Created By : Jatin Gogia
Reviewed By : Rajasekhar Valipishetty
Last Updated : Apr 06, 2023
HCF Calculator using the Euclid Division Algorithm helps you to find the Highest common factor (HCF) easily for 2683, 9652 i.e. 1 the largest integer that leaves a remainder zero for all numbers.
HCF of 2683, 9652 is 1 the largest number which exactly divides all the numbers i.e. where the remainder is zero. Let us get into the working of this example.
Consider we have numbers 2683, 9652 and we need to find the HCF of these numbers. To do so, we need to choose the largest integer first and then as per Euclid's Division Lemma a = bq + r where 0 ≤ r ≤ b
Highest common factor (HCF) of 2683, 9652 is 1.
HCF(2683, 9652) = 1
Highest common factor or Highest common divisor (hcd) can be calculated by Euclid's algotithm.
Highest common factor (HCF) of 2683, 9652 is 1.

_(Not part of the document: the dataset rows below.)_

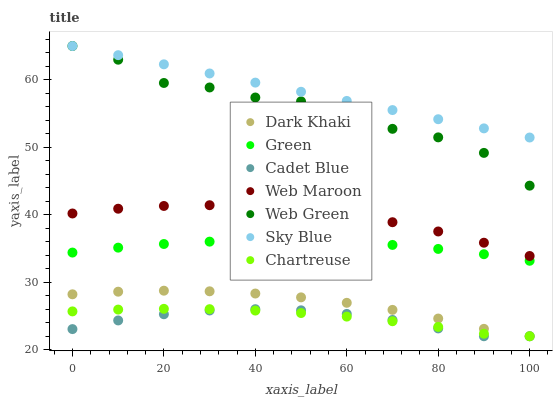Does Cadet Blue have the minimum area under the curve?
Answer yes or no. Yes. Does Sky Blue have the maximum area under the curve?
Answer yes or no. Yes. Does Web Maroon have the minimum area under the curve?
Answer yes or no. No. Does Web Maroon have the maximum area under the curve?
Answer yes or no. No. Is Sky Blue the smoothest?
Answer yes or no. Yes. Is Web Green the roughest?
Answer yes or no. Yes. Is Web Maroon the smoothest?
Answer yes or no. No. Is Web Maroon the roughest?
Answer yes or no. No. Does Cadet Blue have the lowest value?
Answer yes or no. Yes. Does Web Maroon have the lowest value?
Answer yes or no. No. Does Sky Blue have the highest value?
Answer yes or no. Yes. Does Web Maroon have the highest value?
Answer yes or no. No. Is Green less than Web Green?
Answer yes or no. Yes. Is Green greater than Dark Khaki?
Answer yes or no. Yes. Does Cadet Blue intersect Chartreuse?
Answer yes or no. Yes. Is Cadet Blue less than Chartreuse?
Answer yes or no. No. Is Cadet Blue greater than Chartreuse?
Answer yes or no. No. Does Green intersect Web Green?
Answer yes or no. No. 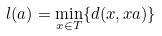Convert formula to latex. <formula><loc_0><loc_0><loc_500><loc_500>l ( a ) = \min _ { x \in T } \{ d ( x , x a ) \}</formula> 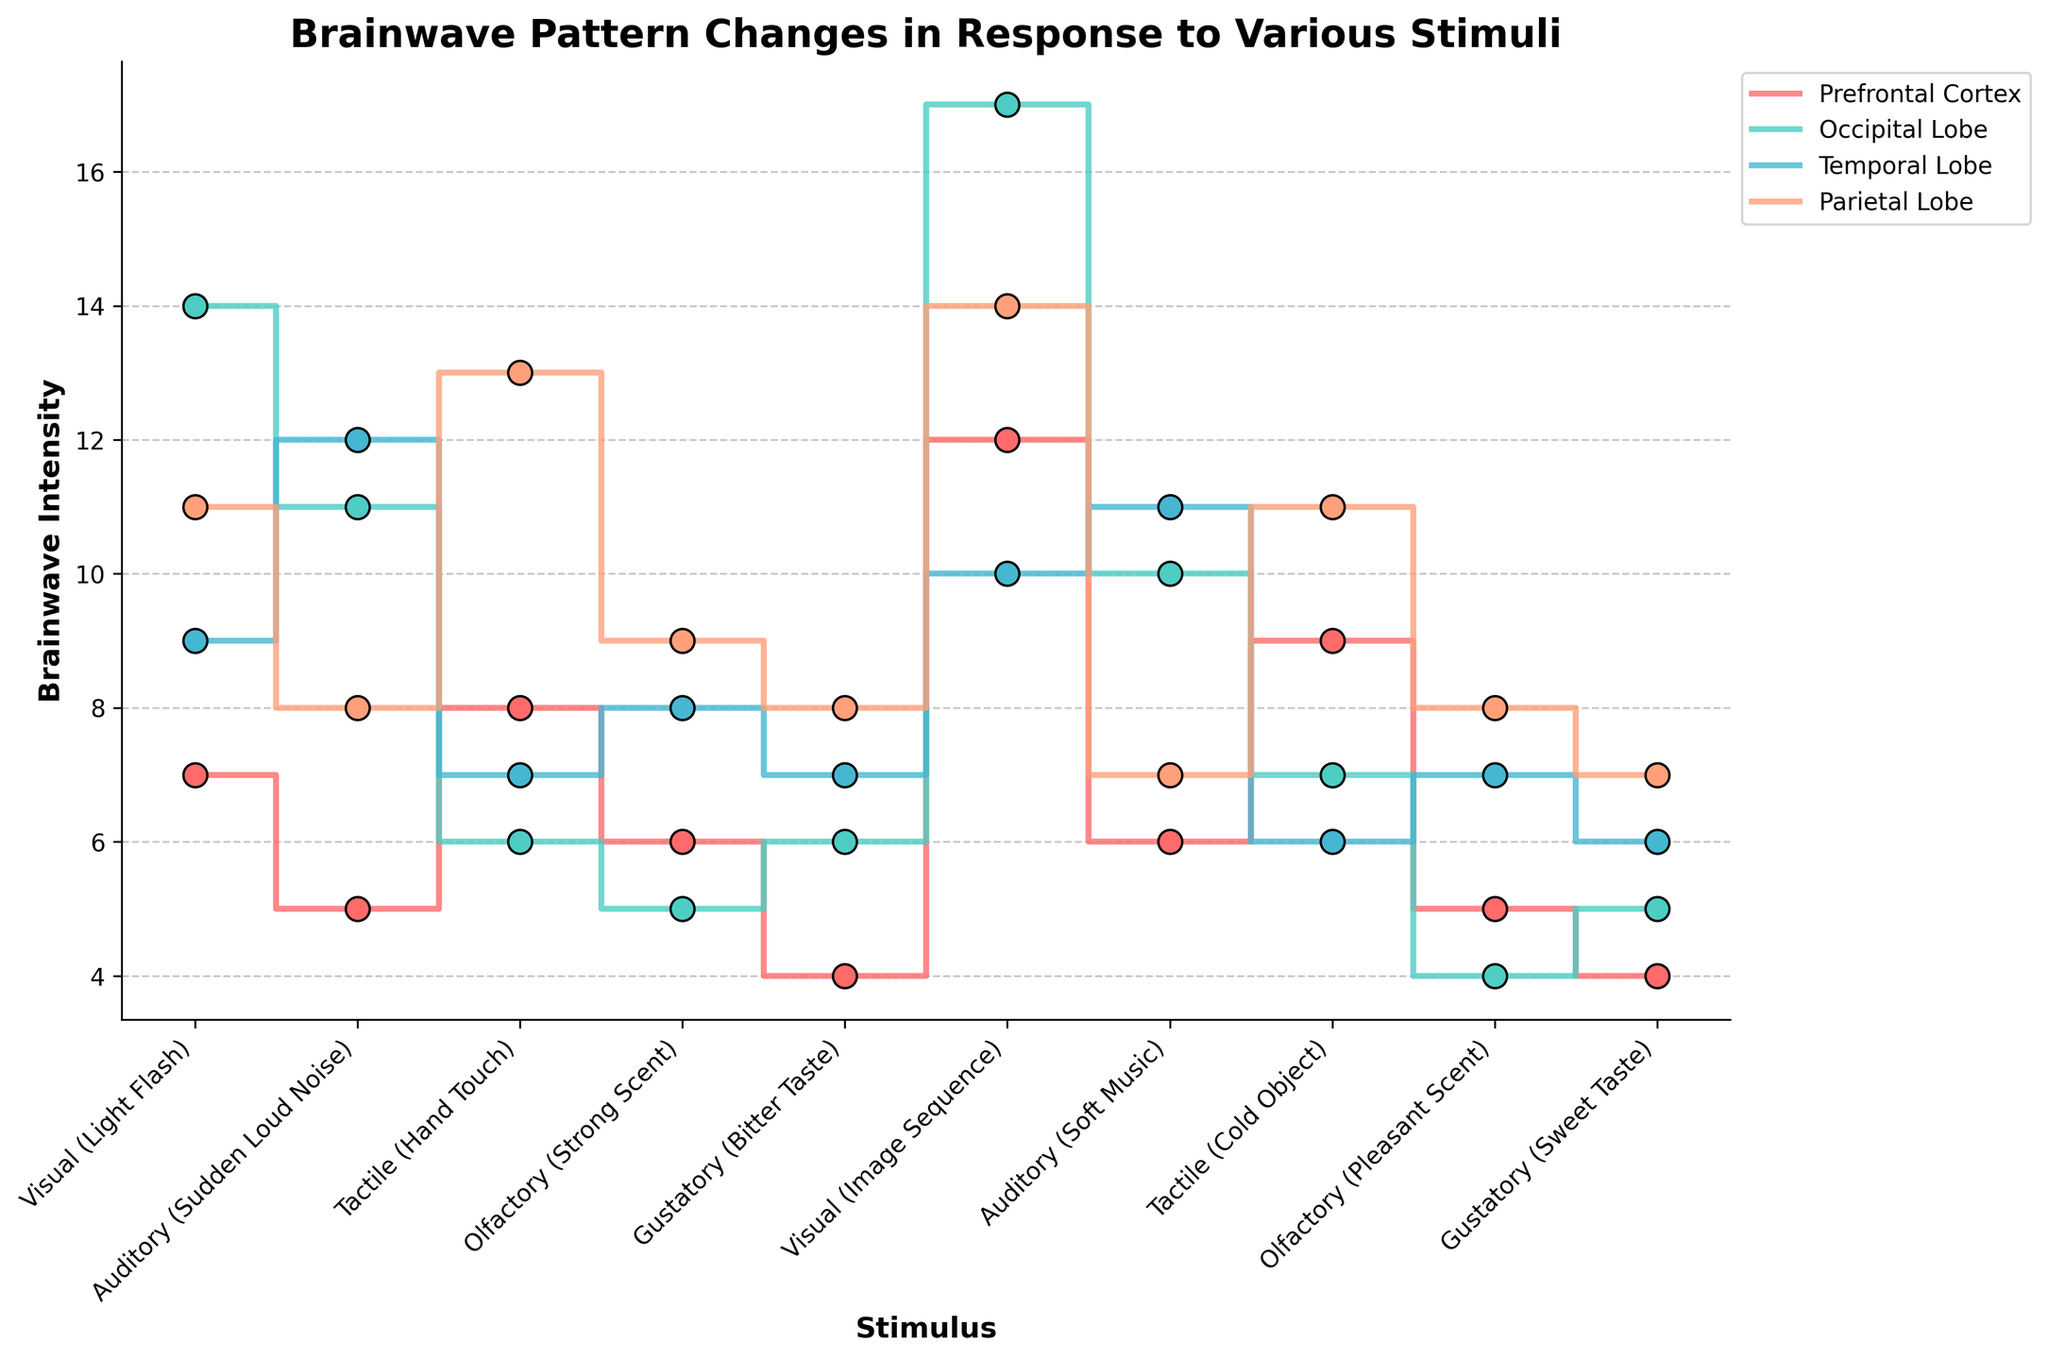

Step 1: Since 9652 > 2683, we apply the division lemma to 9652 and 2683, to get
9652 = 2683 x 3 + 1603
Step 2: Since the reminder 2683 ≠ 0, we apply division lemma to 1603 and 2683, to get
2683 = 1603 x 1 + 1080
Step 3: We consider the new divisor 1603 and the new remainder 1080, and apply the division lemma to get
1603 = 1080 x 1 + 523
We consider the new divisor 1080 and the new remainder 523,and apply the division lemma to get
1080 = 523 x 2 + 34
We consider the new divisor 523 and the new remainder 34,and apply the division lemma to get
523 = 34 x 15 + 13
We consider the new divisor 34 and the new remainder 13,and apply the division lemma to get
34 = 13 x 2 + 8
We consider the new divisor 13 and the new remainder 8,and apply the division lemma to get
13 = 8 x 1 + 5
We consider the new divisor 8 and the new remainder 5,and apply the division lemma to get
8 = 5 x 1 + 3
We consider the new divisor 5 and the new remainder 3,and apply the division lemma to get
5 = 3 x 1 + 2
We consider the new divisor 3 and the new remainder 2,and apply the division lemma to get
3 = 2 x 1 + 1
We consider the new divisor 2 and the new remainder 1,and apply the division lemma to get
2 = 1 x 2 + 0
The remainder has now become zero, so our procedure stops. Since the divisor at this stage is 1, the HCF of 2683 and 9652 is 1
Notice that 1 = HCF(2,1) = HCF(3,2) = HCF(5,3) = HCF(8,5) = HCF(13,8) = HCF(34,13) = HCF(523,34) = HCF(1080,523) = HCF(1603,1080) = HCF(2683,1603) = HCF(9652,2683) .
Here are some samples of HCF using Euclid's Algorithm calculations.
1. What is the Euclid division algorithm?
Answer: Euclid's Division Algorithm is a technique to compute the Highest Common Factor (HCF) of given positive integers.
2. what is the HCF of 2683, 9652?
Answer: HCF of 2683, 9652 is 1 the largest number that divides all the numbers leaving a remainder zero.
3. How to find HCF of 2683, 9652 using Euclid's Algorithm?
Answer: For arbitrary numbers 2683, 9652 apply Euclid’s Division Lemma in succession until you obtain a remainder zero. HCF is the remainder in the last but one step.